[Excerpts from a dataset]
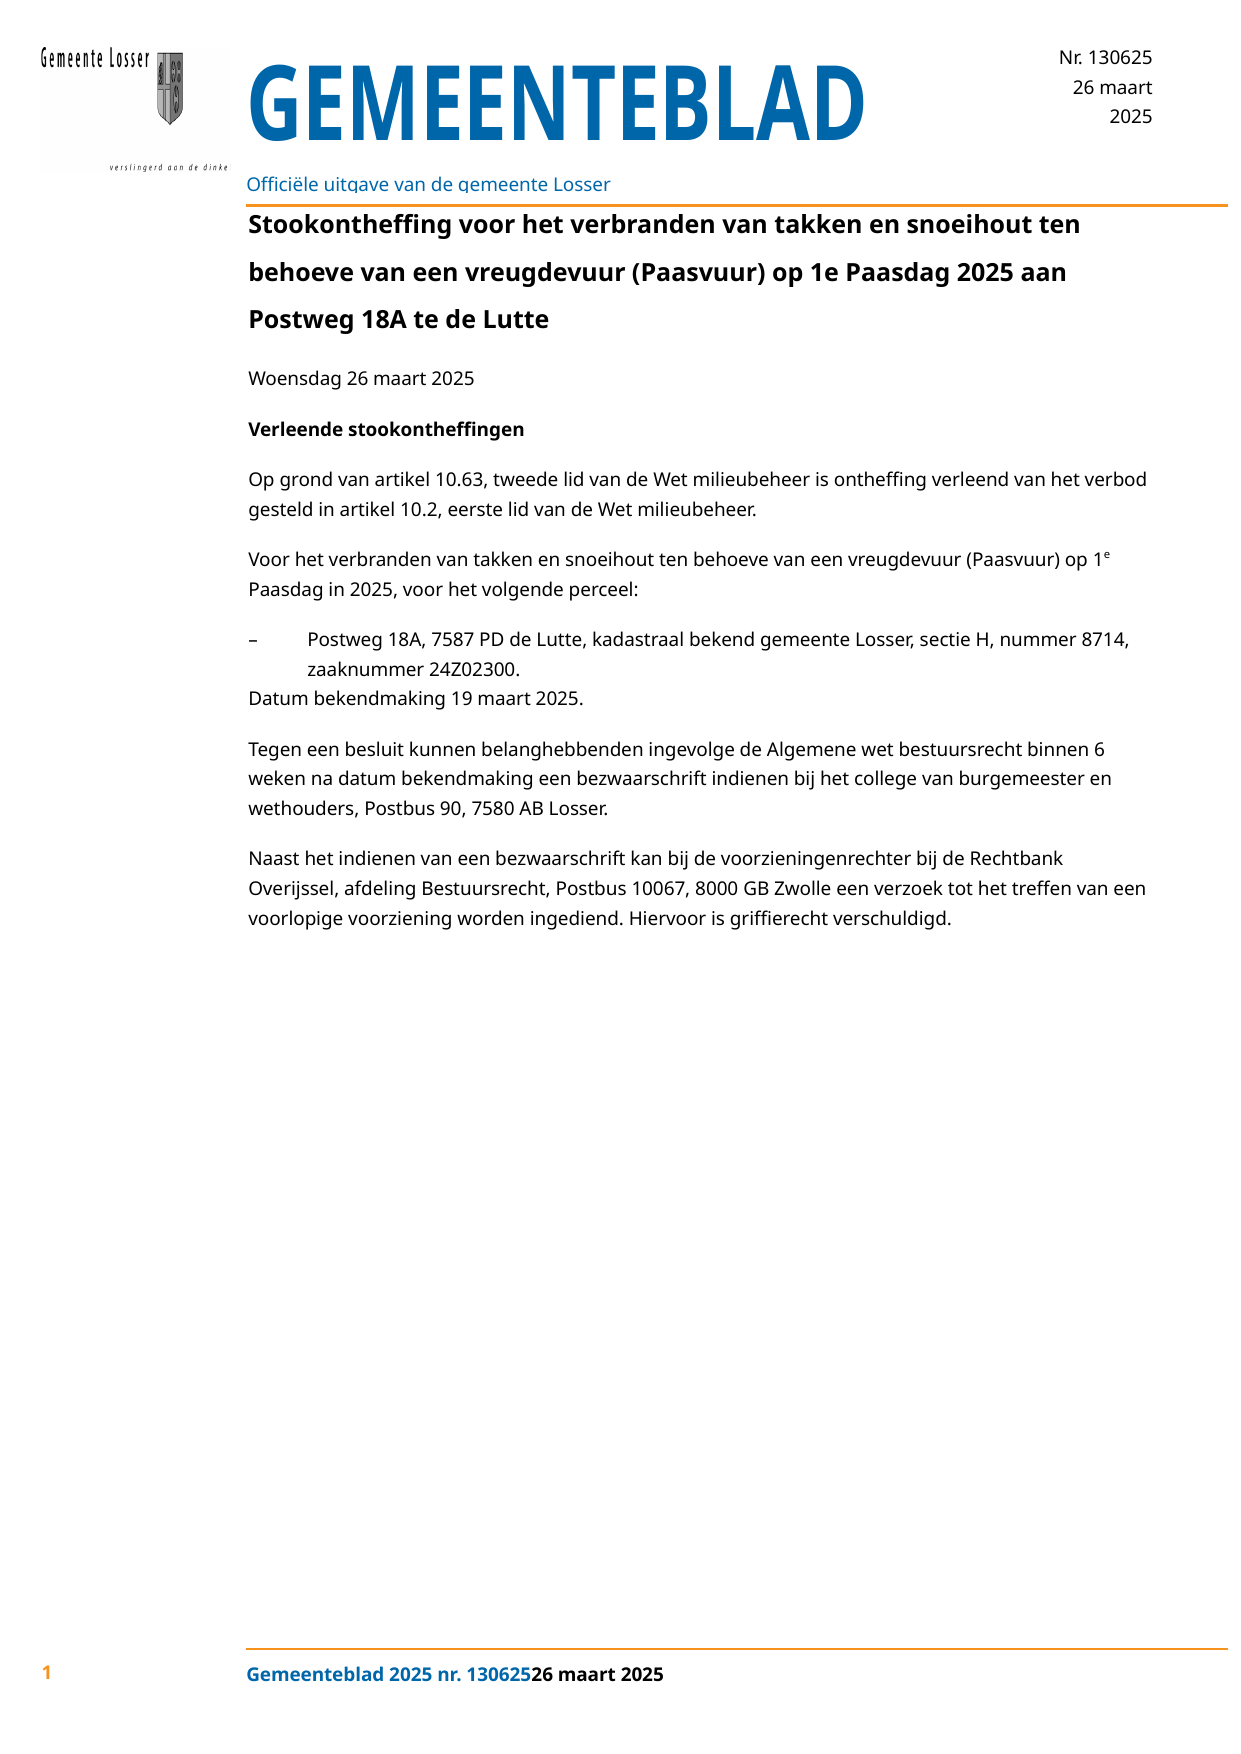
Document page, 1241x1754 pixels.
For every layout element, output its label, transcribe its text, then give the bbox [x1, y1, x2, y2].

text Datum bekendmaking 19 maart 2025. [248, 686, 1152, 711]
picture [41, 47, 231, 172]
text Naast het indienen van een bezwaarschrift kan bij de voorzieningenrechter bij de Rechtbank Overijssel, afdeling Bestuursrecht, Postbus 10067, 8000 GB Zwolle een verzoek tot het treffen van een voorlopige voorziening worden ingediend. Hiervoor is griffierecht verschuldigd. [248, 846, 1152, 930]
text Stookontheffing voor het verbranden van takken en snoeihout ten behoeve van een vreugdevuur (Paasvuur) op 1e Paasdag 2025 aan Postweg 18A te de Lutte [248, 207, 1152, 336]
text Woensdag 26 maart 2025 [248, 366, 1152, 391]
text Verleende stookontheffingen [248, 416, 1152, 442]
text Tegen een besluit kunnen belanghebbenden ingevolge de Algemene wet bestuursrecht binnen 6 weken na datum bekendmaking een bezwaarschrift indienen bij het college van burgemeester en wethouders, Postbus 90, 7580 AB Losser. [248, 736, 1152, 821]
list Postweg 18A, 7587 PD de Lutte, kadastraal bekend gemeente Losser, sectie H, nummer 8714, zaaknummer 24Z02300. [248, 626, 1152, 682]
text Op grond van artikel 10.63, tweede lid van de Wet milieubeheer is ontheffing verleend van het verbod gesteld in artikel 10.2, eerste lid van de Wet milieubeheer. [248, 466, 1152, 522]
text Voor het verbranden van takken en snoeihout ten behoeve van een vreugdevuur (Paasvuur) op 1e Paasdag in 2025, voor het volgende perceel: [248, 546, 1152, 602]
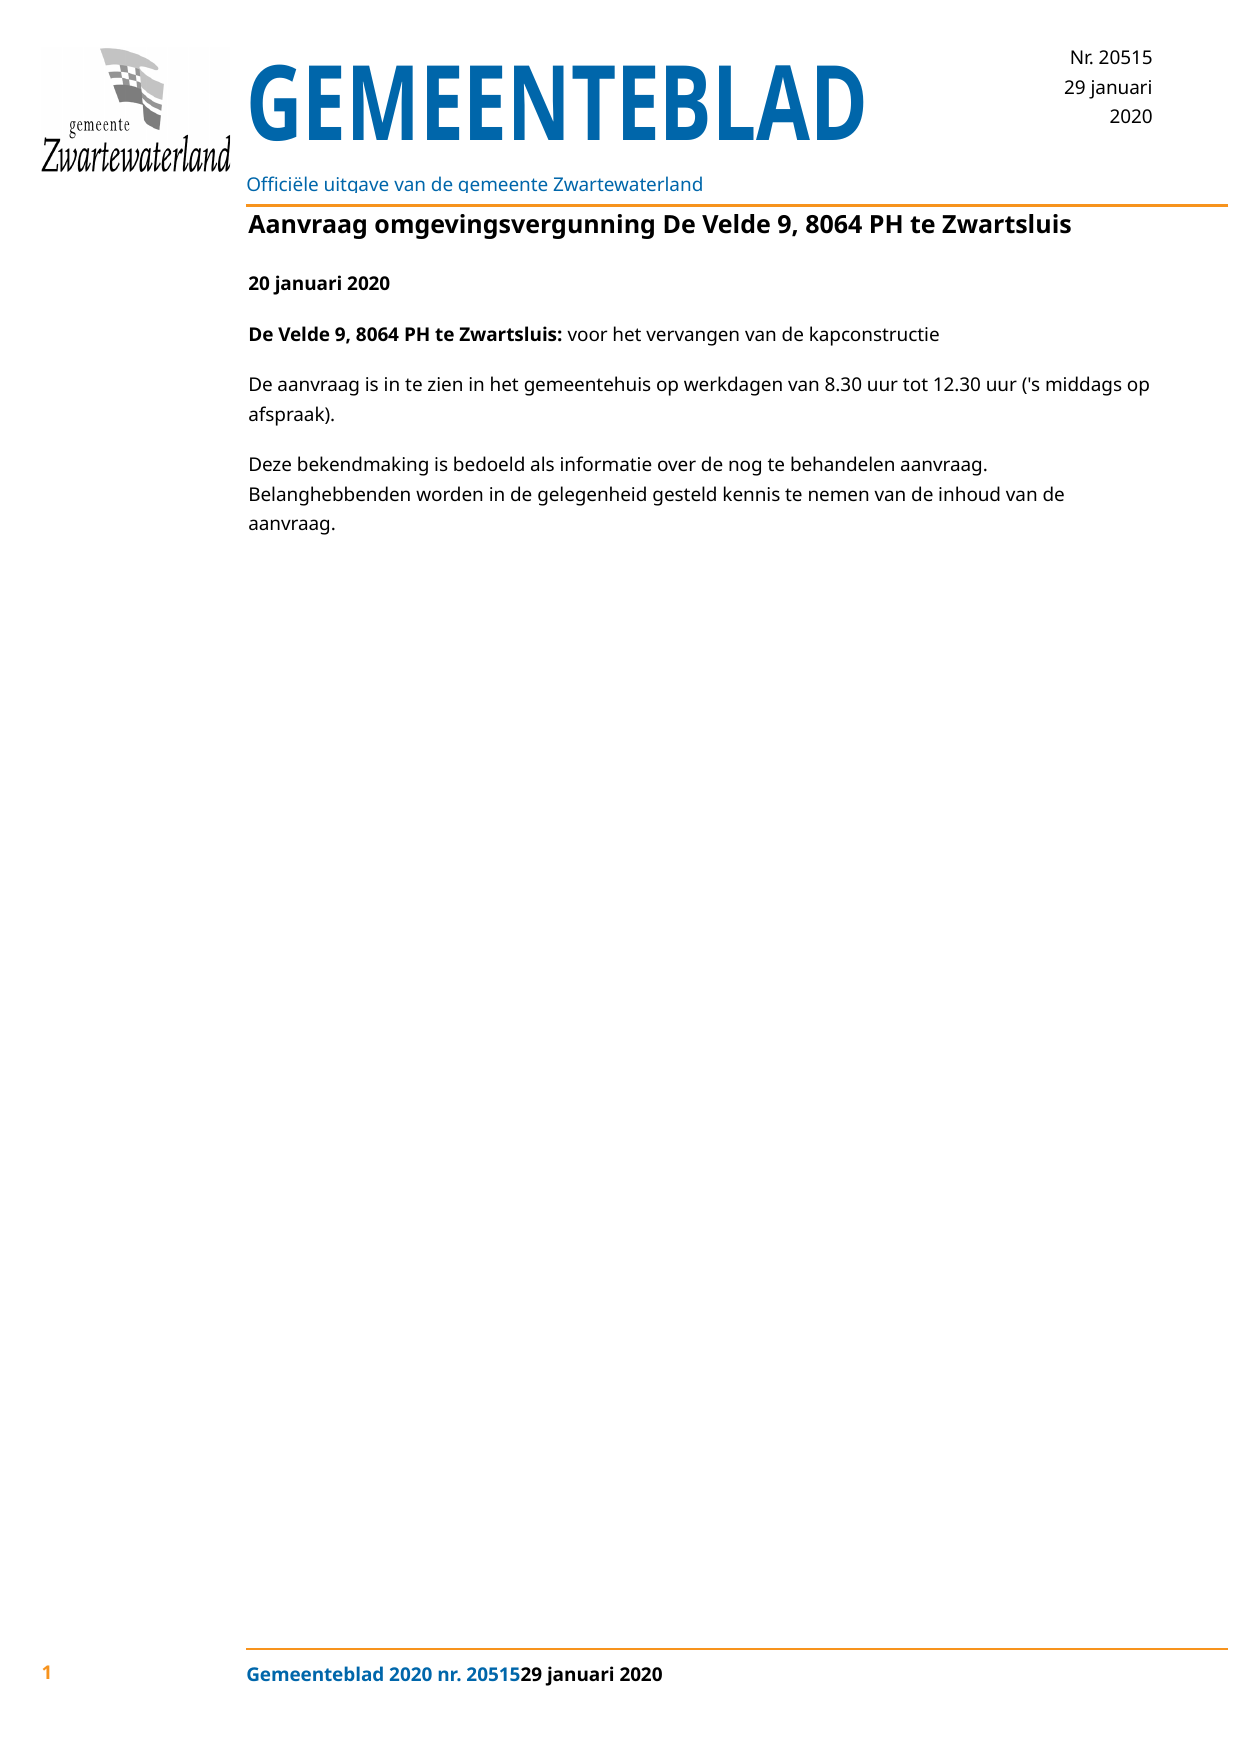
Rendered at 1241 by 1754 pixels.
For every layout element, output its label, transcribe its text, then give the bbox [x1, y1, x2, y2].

text Aanvraag omgevingsvergunning De Velde 9, 8064 PH te Zwartsluis [248, 207, 1152, 241]
text Deze bekendmaking is bedoeld als informatie over de nog te behandelen aanvraag. Belanghebbenden worden in de gelegenheid gesteld kennis te nemen van de inhoud van de aanvraag. [248, 451, 1152, 536]
text De aanvraag is in te zien in het gemeentehuis op werkdagen van 8.30 uur tot 12.30 uur ('s middags op afspraak). [248, 371, 1152, 426]
picture [41, 47, 231, 172]
text De Velde 9, 8064 PH te Zwartsluis: voor het vervangen van de kapconstructie [248, 321, 1152, 346]
text 20 januari 2020 [248, 270, 1152, 296]

### Required action
Please give the data again unaltered, leaving out any images.

### Task result
Document page, 1241x1754 pixels.
For every layout element, output its label, transcribe its text, then give the bbox [x1, y1, x2, y2].

text Datum bekendmaking 19 maart 2025. [248, 686, 1152, 711]
picture [41, 47, 231, 172]
text Naast het indienen van een bezwaarschrift kan bij de voorzieningenrechter bij de Rechtbank Overijssel, afdeling Bestuursrecht, Postbus 10067, 8000 GB Zwolle een verzoek tot het treffen van een voorlopige voorziening worden ingediend. Hiervoor is griffierecht verschuldigd. [248, 846, 1152, 930]
text Stookontheffing voor het verbranden van takken en snoeihout ten behoeve van een vreugdevuur (Paasvuur) op 1e Paasdag 2025 aan Postweg 18A te de Lutte [248, 207, 1152, 336]
text Woensdag 26 maart 2025 [248, 366, 1152, 391]
text Verleende stookontheffingen [248, 416, 1152, 442]
text Tegen een besluit kunnen belanghebbenden ingevolge de Algemene wet bestuursrecht binnen 6 weken na datum bekendmaking een bezwaarschrift indienen bij het college van burgemeester en wethouders, Postbus 90, 7580 AB Losser. [248, 736, 1152, 821]
list Postweg 18A, 7587 PD de Lutte, kadastraal bekend gemeente Losser, sectie H, nummer 8714, zaaknummer 24Z02300. [248, 626, 1152, 682]
text Op grond van artikel 10.63, tweede lid van de Wet milieubeheer is ontheffing verleend van het verbod gesteld in artikel 10.2, eerste lid van de Wet milieubeheer. [248, 466, 1152, 522]
text Voor het verbranden van takken en snoeihout ten behoeve van een vreugdevuur (Paasvuur) op 1e Paasdag in 2025, voor het volgende perceel: [248, 546, 1152, 602]
Rendered at 1241 by 1754 pixels.
For every layout element, output its label, transcribe its text, then give the bbox [x1, y1, x2, y2].

text Aanvraag omgevingsvergunning De Velde 9, 8064 PH te Zwartsluis [248, 207, 1152, 241]
text Deze bekendmaking is bedoeld als informatie over de nog te behandelen aanvraag. Belanghebbenden worden in de gelegenheid gesteld kennis te nemen van de inhoud van de aanvraag. [248, 451, 1152, 536]
text De aanvraag is in te zien in het gemeentehuis op werkdagen van 8.30 uur tot 12.30 uur ('s middags op afspraak). [248, 371, 1152, 426]
picture [41, 47, 231, 172]
text De Velde 9, 8064 PH te Zwartsluis: voor het vervangen van de kapconstructie [248, 321, 1152, 346]
text 20 januari 2020 [248, 270, 1152, 296]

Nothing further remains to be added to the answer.